Stored data:
[Start of section]

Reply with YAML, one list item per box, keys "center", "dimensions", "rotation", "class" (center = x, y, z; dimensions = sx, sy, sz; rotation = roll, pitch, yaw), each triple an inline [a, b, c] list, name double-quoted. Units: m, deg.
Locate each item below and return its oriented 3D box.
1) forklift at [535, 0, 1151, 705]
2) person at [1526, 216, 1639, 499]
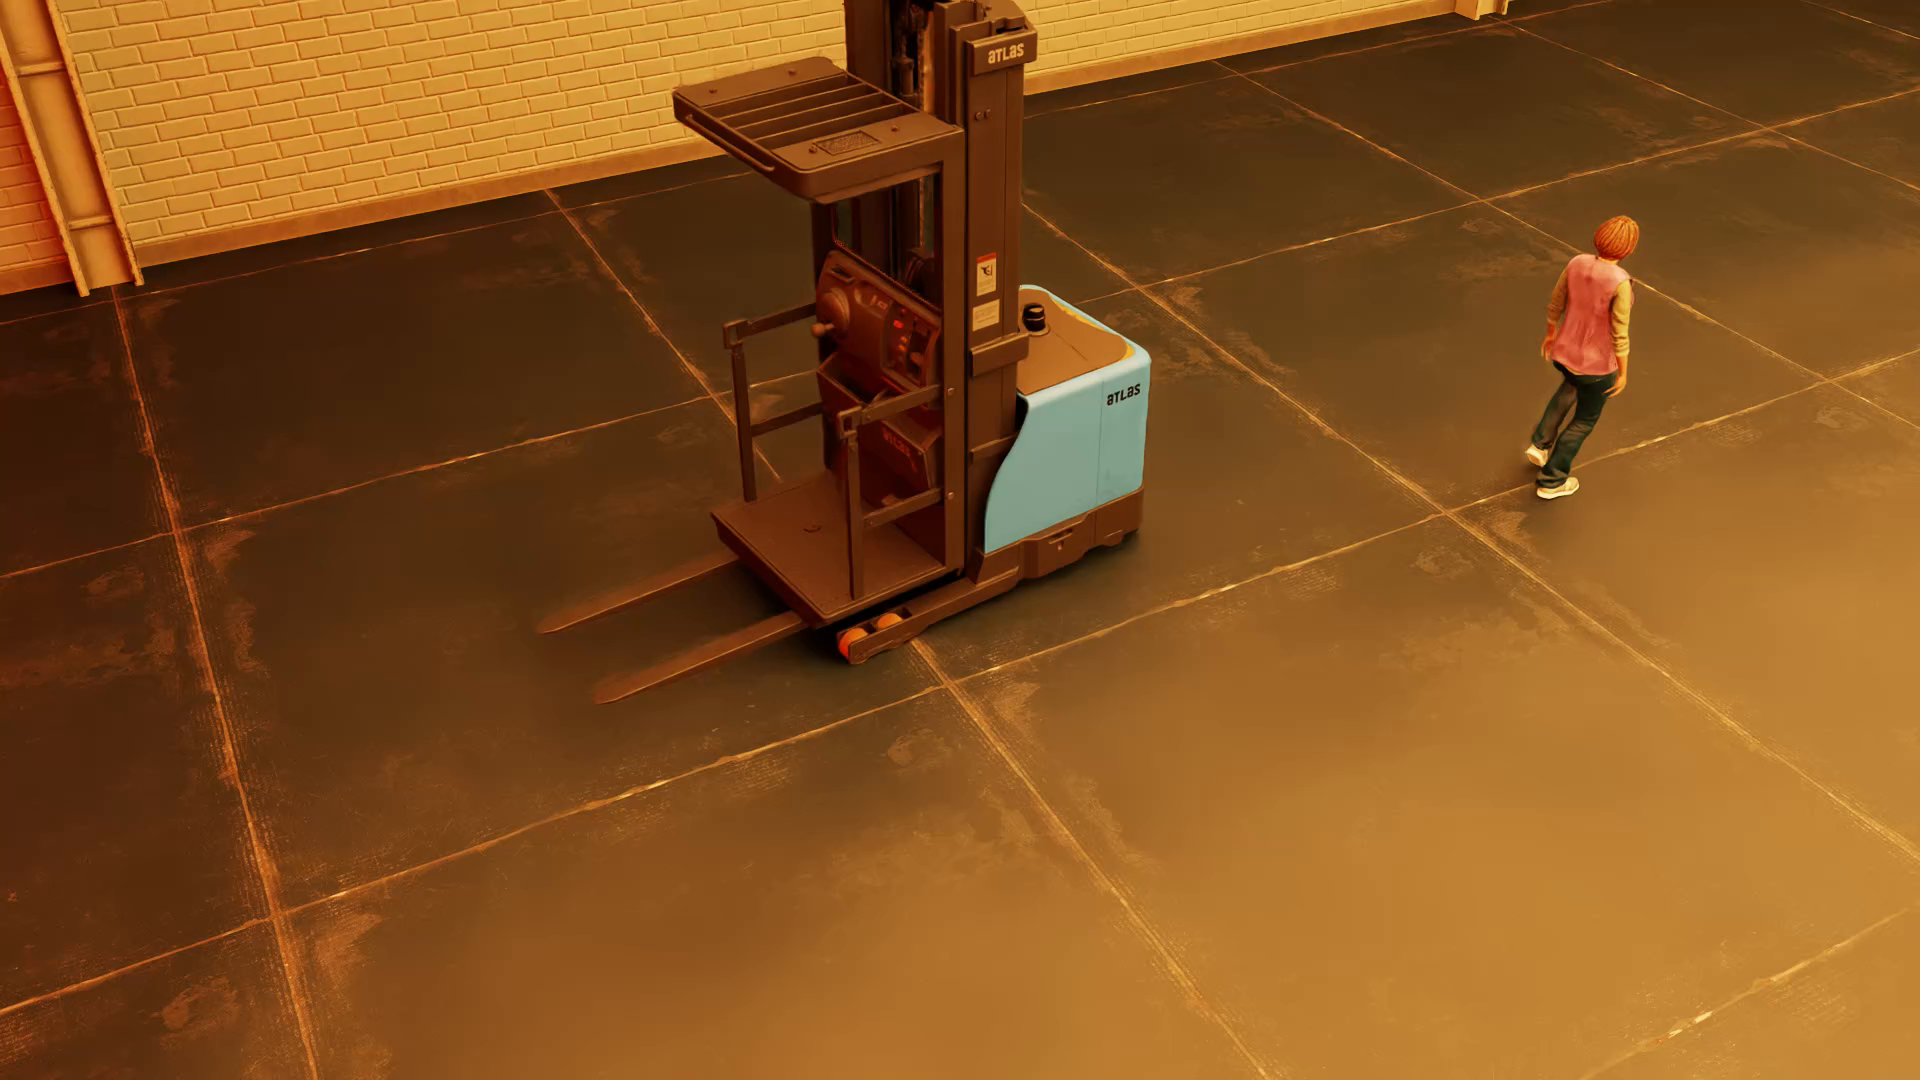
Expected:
- center: [-0.547, -0.961, 7.483]
  dimensions: [3.031, 2.935, 1.130]
  rotation: [-22, 41, -28]
  class: "forklift"
- center: [3.268, -0.949, 8.646]
  dimensions: [0.445, 1.584, 0.519]
  rotation: [-20, 40, -25]
  class: "person"
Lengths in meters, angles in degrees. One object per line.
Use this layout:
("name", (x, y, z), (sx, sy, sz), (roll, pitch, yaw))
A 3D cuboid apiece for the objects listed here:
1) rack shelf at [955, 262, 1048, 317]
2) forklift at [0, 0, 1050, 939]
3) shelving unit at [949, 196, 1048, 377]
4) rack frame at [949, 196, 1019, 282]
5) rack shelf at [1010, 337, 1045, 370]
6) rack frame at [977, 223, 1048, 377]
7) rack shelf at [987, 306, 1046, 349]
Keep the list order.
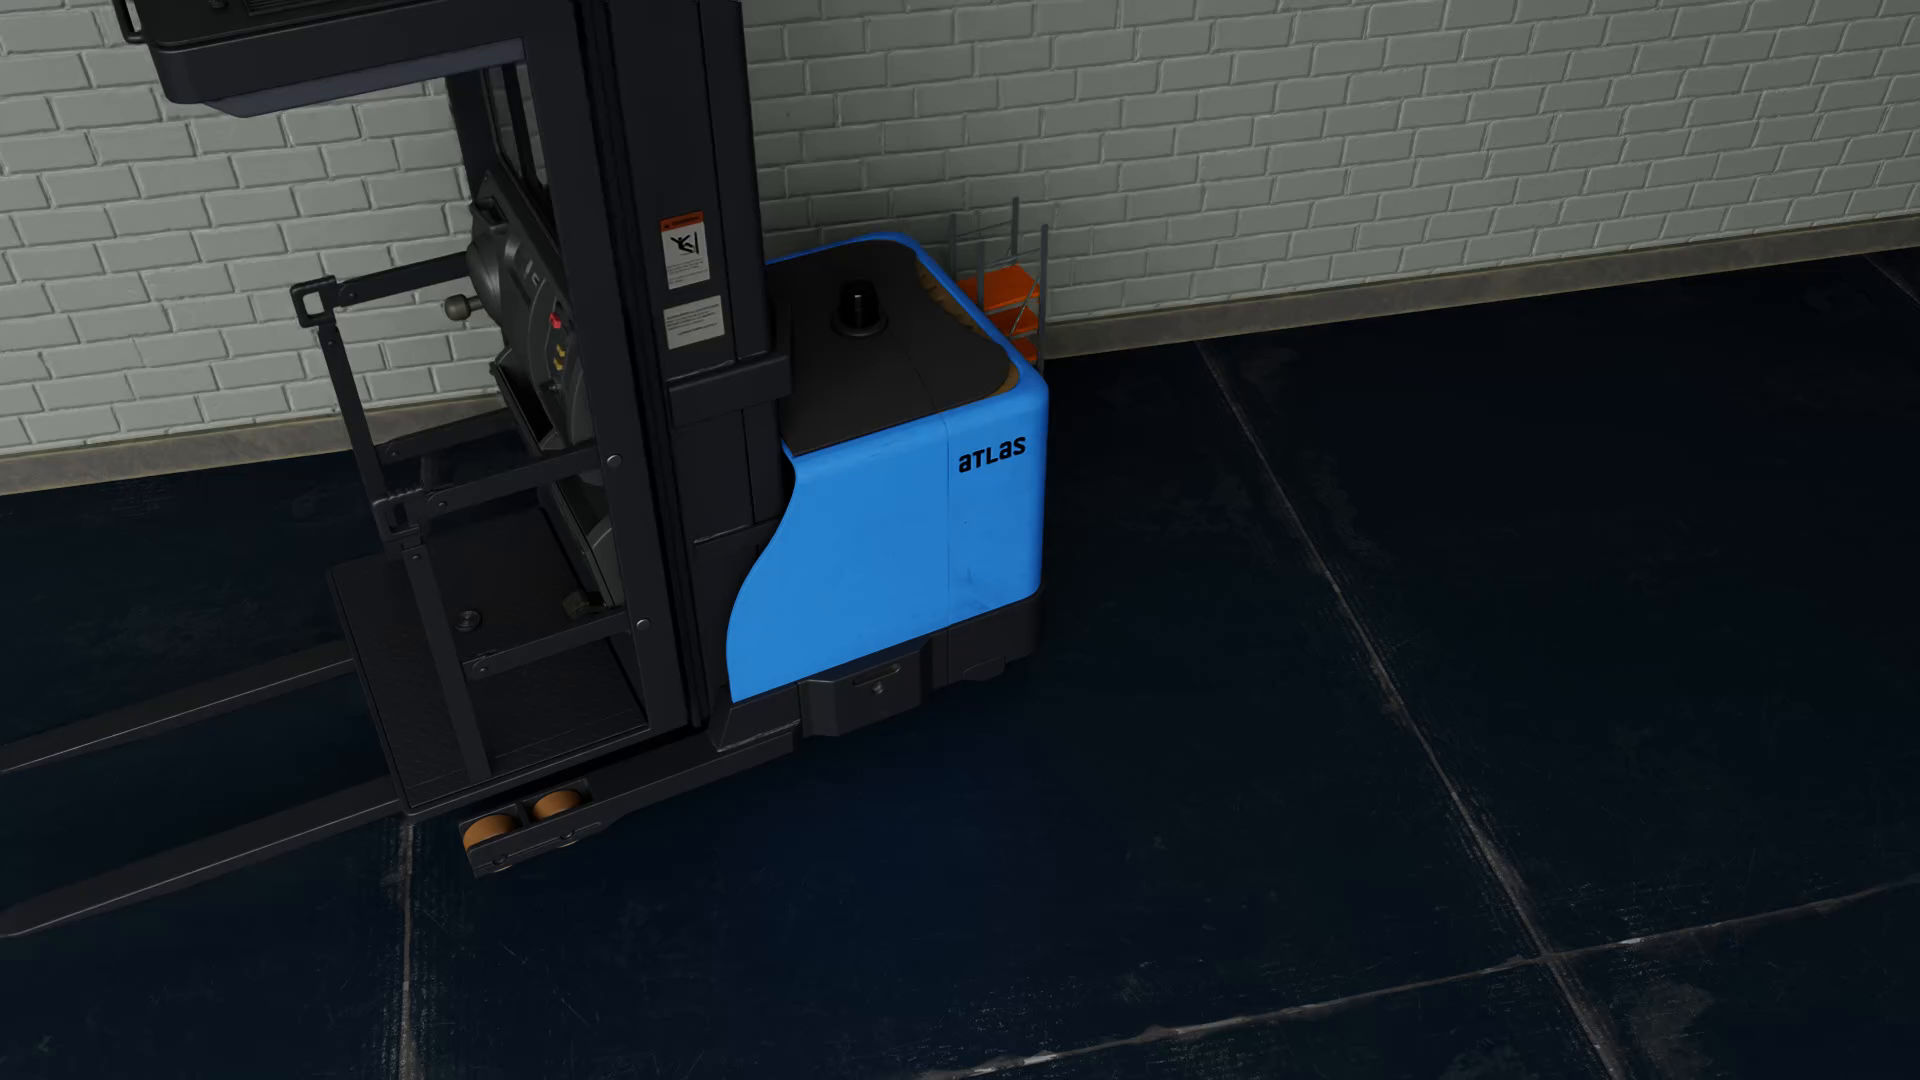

[End of section]

Required work:
Retype the lines exactly as they appear, beginning with the line that contains "2) person at [1526, 216, 1639, 499]" and ending with the final line of the entries, and omit the pictures.

Exercise output:
2) person at [1526, 216, 1639, 499]
Expected:
- center: [-0.547, -0.961, 7.483]
  dimensions: [3.031, 2.935, 1.130]
  rotation: [-22, 41, -28]
  class: "forklift"
- center: [3.268, -0.949, 8.646]
  dimensions: [0.445, 1.584, 0.519]
  rotation: [-20, 40, -25]
  class: "person"
Lengths in meters, angles in degrees. One object per line.
Use this layout:
("name", (x, y, z), (sx, sy, sz), (roll, pitch, yaw))
A 3D cuboid apiece for the objects listed here:
1) rack shelf at [955, 262, 1048, 317]
2) forklift at [0, 0, 1050, 939]
3) shelving unit at [949, 196, 1048, 377]
4) rack frame at [949, 196, 1019, 282]
5) rack shelf at [1010, 337, 1045, 370]
6) rack frame at [977, 223, 1048, 377]
7) rack shelf at [987, 306, 1046, 349]
Keep the list order.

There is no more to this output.